A Answered by: George Hollingbery (Conservative) Answered on: 08 February 2019

The UK and Israel have a strong and important trading relationship. However, we do not recognise the Occupied Palestinian Territories (OPTs), including the settlements, as part of Israel. The OPTs are not covered by the current EU-Israel Association Agreement, nor by the Continuity Agreement agreed in principle between the UK and Israel.

We are also working to finalise the transition of the current EU Interim Association Agreement with the Palestinian Authority.

We have committed to informing Parliament as soon as agreements are signed with partner countries. The agreement will be laid in Parliament and we will be publishing a full report on trade agreements, once they are signed.

Q Asked by Richard Burden: (Labour, Birmingham, Northfield)[N] on: 05 February 2019

Department for International Trade: Trade Agreements: Israel. 216930

To ask the Secretary of State for International Trade, whether the trade deal agreed in principle between the UK and Israel for trade after the UK leaves the EU announced on 23 January 2019 will continue to distinguish in relevant dealings between the territory of the State of Israel and the territories occupied since 1967.

A Answered by: George Hollingbery (Conservative) on 08 February 2019

The UK and Israel have a strong and important trading relationship. However, we do not recognise the Occupied Palestinian Territories (OPTs), including the settlements, as part of Israel. The OPTs are not covered by the current EU-Israel Association Agreement, nor by the Continuity Agreement agreed in principle between the UK and Israel.

We are also working to finalise the transition of the current EU Interim Association Agreement with the Palestinian Authority.

We have committed to informing Parliament as soon as agreements are signed with partner countries. The agreement will be laid in Parliament and we will be publishing a full report on trade agreements, once they are

Q Asked by Dr Matthew Offord: (Conservative, Hendon) on: 04 February 2019

Department for International Development: Occupied Territories: Economic Situation. 216233

To ask the Secretary of State for International Development, what steps her Department is taking to develop long-term economic sustainability in the Occupied Palestinian Territories.
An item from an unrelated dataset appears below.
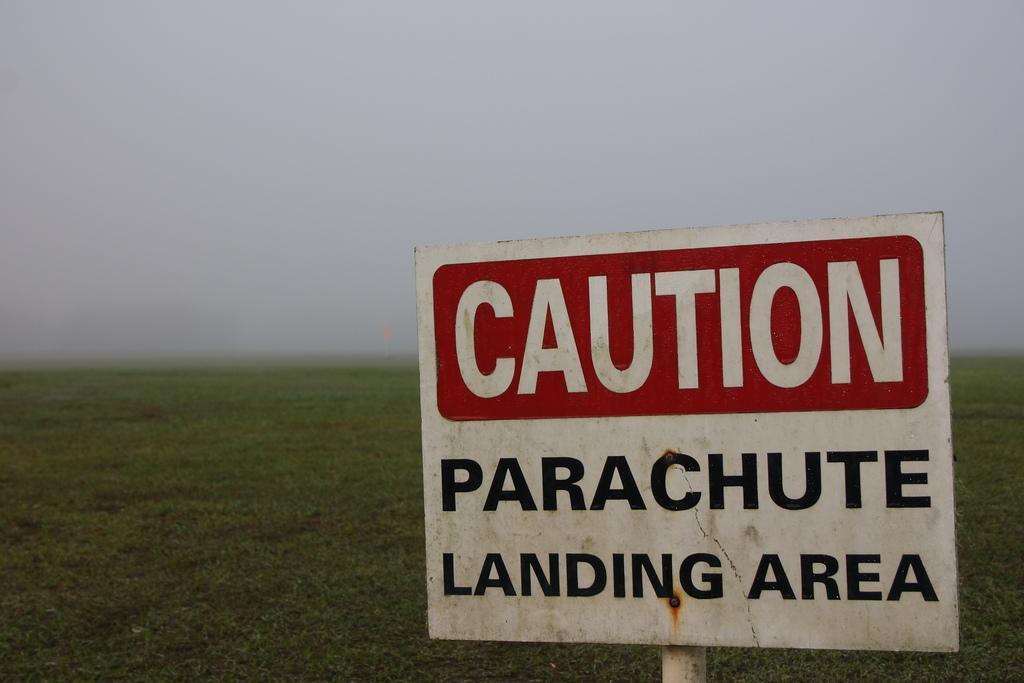In one or two sentences, can you explain what this image depicts? In this picture we can see a board on which some words are written, behind we can see some grass.

A Answered by: Alistair Burt (Conservative) Answered on 11 February 2019

We have scaled up our work on economic development across the West Bank and Gaza. We are providing up to £38 million over five years (2018-2023) to help tackle the problems of low growth and high unemployment in the Occupied Palestinian Territories (OPTs).

Our support will focus on efforts to increase trade and job creation by working with the Palestinian and Israeli authorities to enable greater movement and access for people and goods, and improve water and energy supply, particularly in Gaza. We will also continue to support the implementation of Paris Protocol measures in relation to the transfer of taxes and fees Israel collects on behalf of the Palestinian Authority (PA), and any measures agreed by the parties to transfer the responsibility of revenue collection. Our support in these areas will help thousands of Palestinians in their daily lives, support the financial sustainability of the PA and contribute to preserving the viability of the two-state solution.